• [Your task]:
With the pictures left aside, write out the entries that follow exactly.

• [Material provided]:
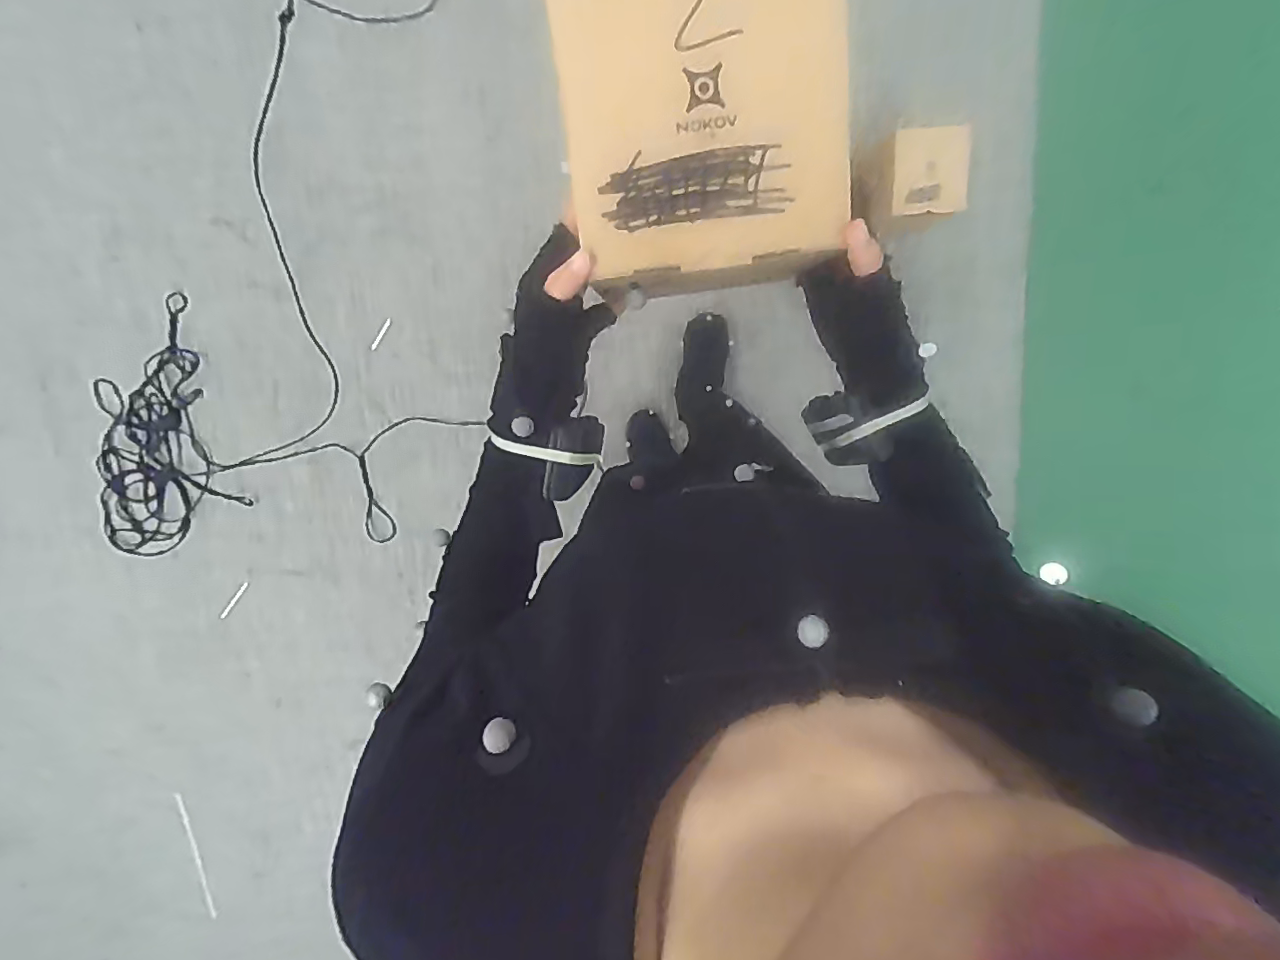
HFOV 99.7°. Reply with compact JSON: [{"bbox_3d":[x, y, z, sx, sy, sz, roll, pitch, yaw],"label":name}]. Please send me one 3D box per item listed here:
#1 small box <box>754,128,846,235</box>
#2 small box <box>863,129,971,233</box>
[{"bbox_3d":[0.363,-0.684,1.254,0.168,0.176,0.179,-2,101,0],"label":"small box"},{"bbox_3d":[0.632,-0.682,1.255,0.168,0.176,0.179,-2,100,0],"label":"small box"}]
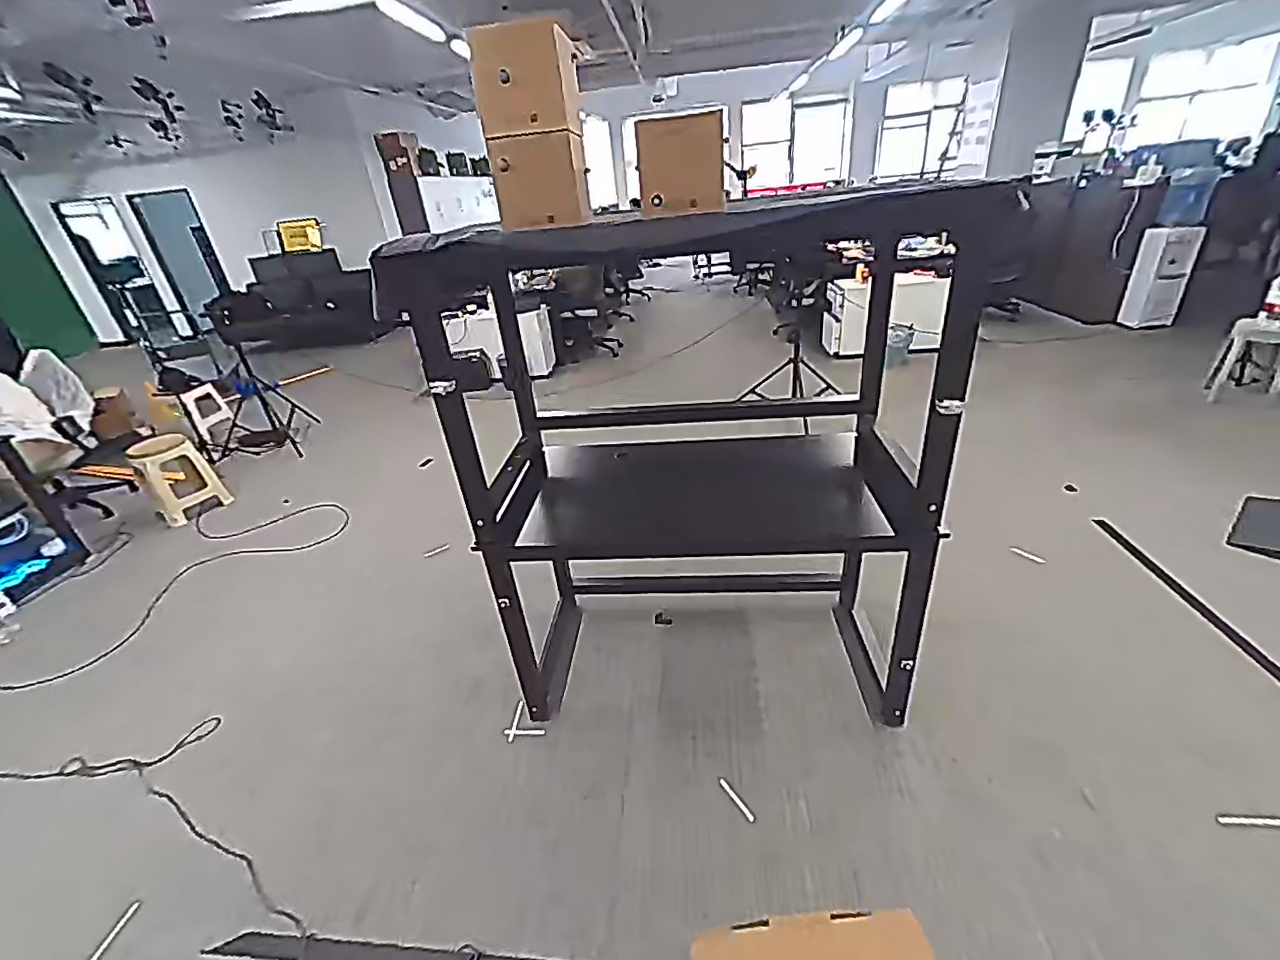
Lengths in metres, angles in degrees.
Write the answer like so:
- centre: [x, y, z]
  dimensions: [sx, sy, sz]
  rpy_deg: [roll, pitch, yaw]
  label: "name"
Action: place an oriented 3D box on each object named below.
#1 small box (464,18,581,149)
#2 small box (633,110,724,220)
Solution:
- centre: [-0.216, -0.757, 1.051]
  dimensions: [0.168, 0.176, 0.179]
  rpy_deg: [-2, 27, 7]
  label: "small box"
- centre: [0.084, -0.627, 1.093]
  dimensions: [0.168, 0.176, 0.179]
  rpy_deg: [-2, 27, 7]
  label: "small box"
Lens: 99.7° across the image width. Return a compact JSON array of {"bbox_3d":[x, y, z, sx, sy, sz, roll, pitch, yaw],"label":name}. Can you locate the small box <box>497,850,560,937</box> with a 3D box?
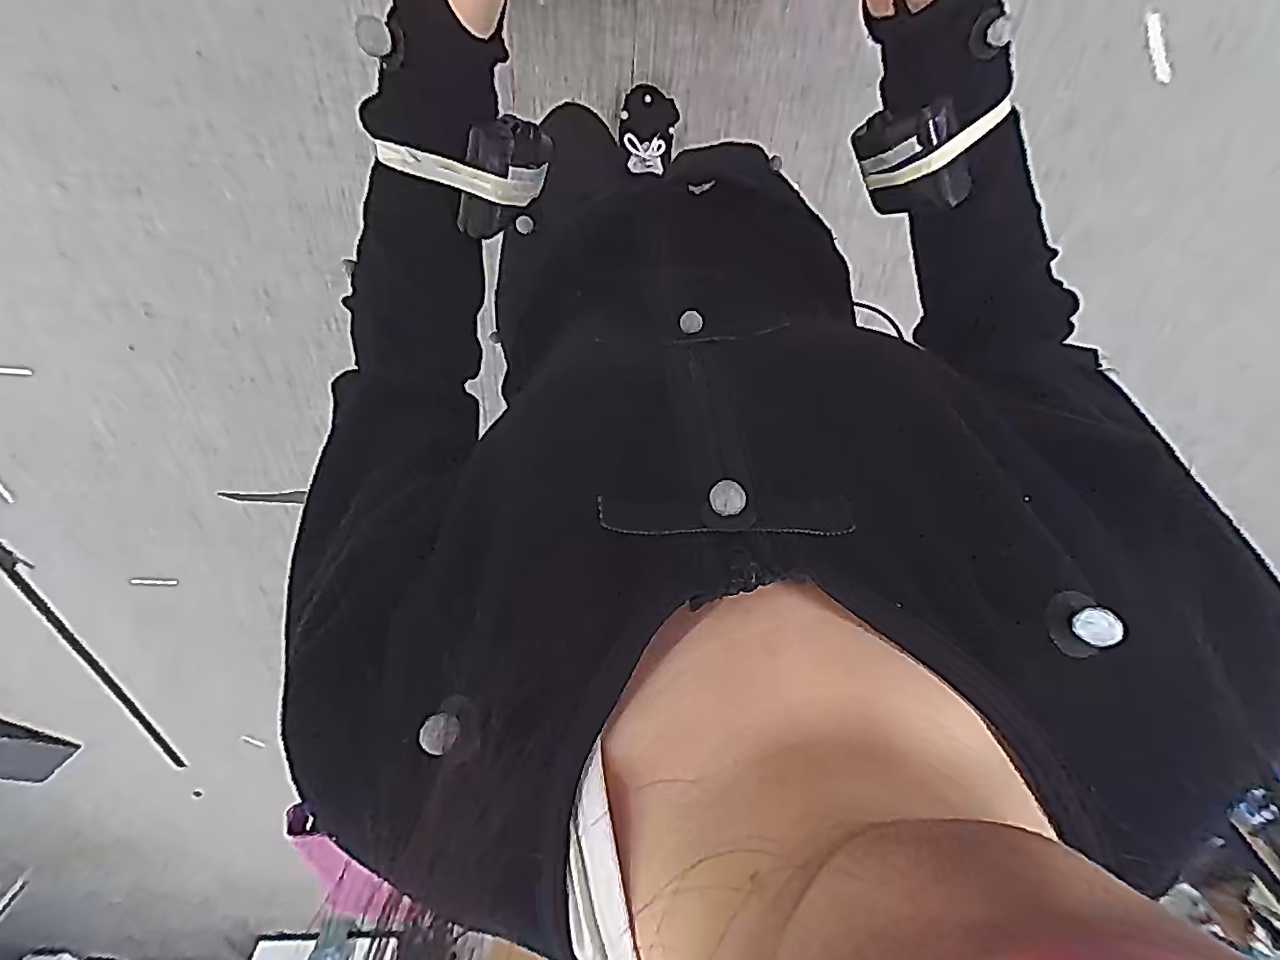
[{"bbox_3d":[-0.325,1.222,1.599,0.168,0.176,0.179,4,127,-7],"label":"small box"}]
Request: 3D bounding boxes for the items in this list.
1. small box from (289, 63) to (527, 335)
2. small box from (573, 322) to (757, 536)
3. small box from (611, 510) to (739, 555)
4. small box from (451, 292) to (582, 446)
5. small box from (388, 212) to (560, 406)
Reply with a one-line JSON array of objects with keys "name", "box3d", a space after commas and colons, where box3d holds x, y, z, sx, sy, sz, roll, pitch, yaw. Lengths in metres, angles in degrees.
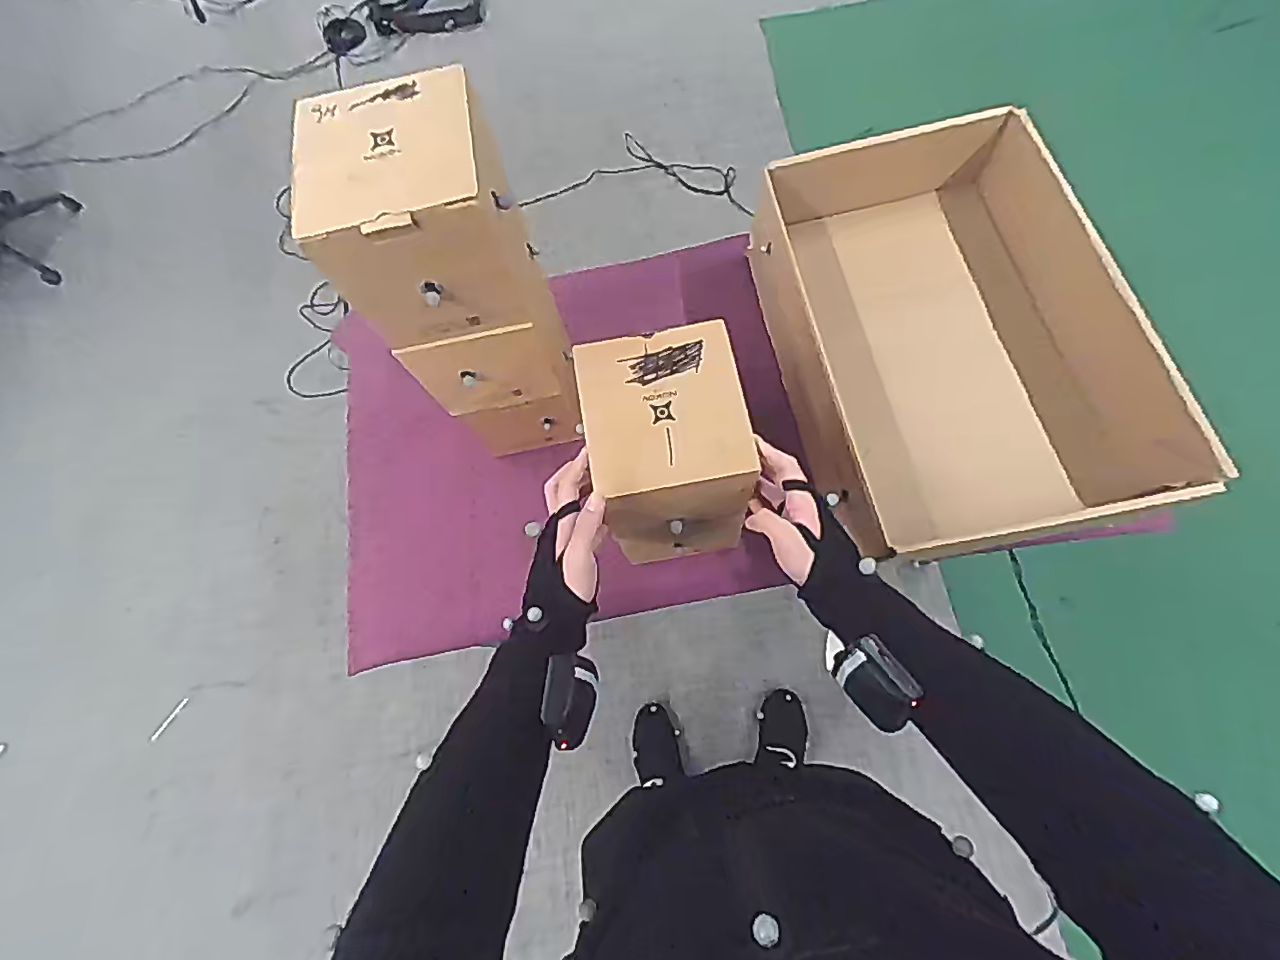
[{"name": "small box", "box3d": [-0.224, -0.269, 0.556, 0.168, 0.176, 0.179, -12, 71, 1]}, {"name": "small box", "box3d": [0.025, -0.049, 0.623, 0.168, 0.176, 0.179, -11, 70, 1]}, {"name": "small box", "box3d": [0.041, 0.005, 0.778, 0.168, 0.176, 0.179, -10, 70, 2]}, {"name": "small box", "box3d": [-0.194, -0.165, 0.863, 0.168, 0.176, 0.179, -11, 70, 1]}, {"name": "small box", "box3d": [-0.209, -0.212, 0.709, 0.168, 0.176, 0.179, -11, 70, 1]}]

• [Your response]:
HFOV 99.7°. Reply with compact JSON: [{"bbox_3d":[x, y, z, sx, sy, sz, roll, pitch, yaw],"label":name}]. Please send me one 3D box per item listed here:
#1 small box <box>754,128,846,235</box>
#2 small box <box>863,129,971,233</box>
[{"bbox_3d":[0.363,-0.684,1.254,0.168,0.176,0.179,-2,101,0],"label":"small box"},{"bbox_3d":[0.632,-0.682,1.255,0.168,0.176,0.179,-2,100,0],"label":"small box"}]
Lengths in metres, angles in degrees.
Write the answer like so:
- centre: [x, y, z]
  dimensions: [sx, sy, sz]
  rpy_deg: [roll, pitch, yaw]
  label: "name"
Action: place an oriented 3D box on each object named below.
#1 small box (464,18,581,149)
#2 small box (633,110,724,220)
Solution:
- centre: [-0.216, -0.757, 1.051]
  dimensions: [0.168, 0.176, 0.179]
  rpy_deg: [-2, 27, 7]
  label: "small box"
- centre: [0.084, -0.627, 1.093]
  dimensions: [0.168, 0.176, 0.179]
  rpy_deg: [-2, 27, 7]
  label: "small box"
Lens: 99.7° across the image width. Return a compact JSON array of {"bbox_3d":[x, y, z, sx, sy, sz, roll, pitch, yaw],"label":name}. Can you locate the small box <box>497,850,560,937</box> with a 3D box?
[{"bbox_3d":[-0.325,1.222,1.599,0.168,0.176,0.179,4,127,-7],"label":"small box"}]
Request: 3D bounding boxes for the items in this list.
1. small box from (289, 63) to (527, 335)
2. small box from (573, 322) to (757, 536)
3. small box from (611, 510) to (739, 555)
4. small box from (451, 292) to (582, 446)
5. small box from (388, 212) to (560, 406)
Reply with a one-line JSON array of objects with keys "name", "box3d", a space after commas and colons, where box3d holds x, y, z, sx, sy, sz, roll, pitch, yaw. Lengths in metres, angles in degrees.
[{"name": "small box", "box3d": [-0.224, -0.269, 0.556, 0.168, 0.176, 0.179, -12, 71, 1]}, {"name": "small box", "box3d": [0.025, -0.049, 0.623, 0.168, 0.176, 0.179, -11, 70, 1]}, {"name": "small box", "box3d": [0.041, 0.005, 0.778, 0.168, 0.176, 0.179, -10, 70, 2]}, {"name": "small box", "box3d": [-0.194, -0.165, 0.863, 0.168, 0.176, 0.179, -11, 70, 1]}, {"name": "small box", "box3d": [-0.209, -0.212, 0.709, 0.168, 0.176, 0.179, -11, 70, 1]}]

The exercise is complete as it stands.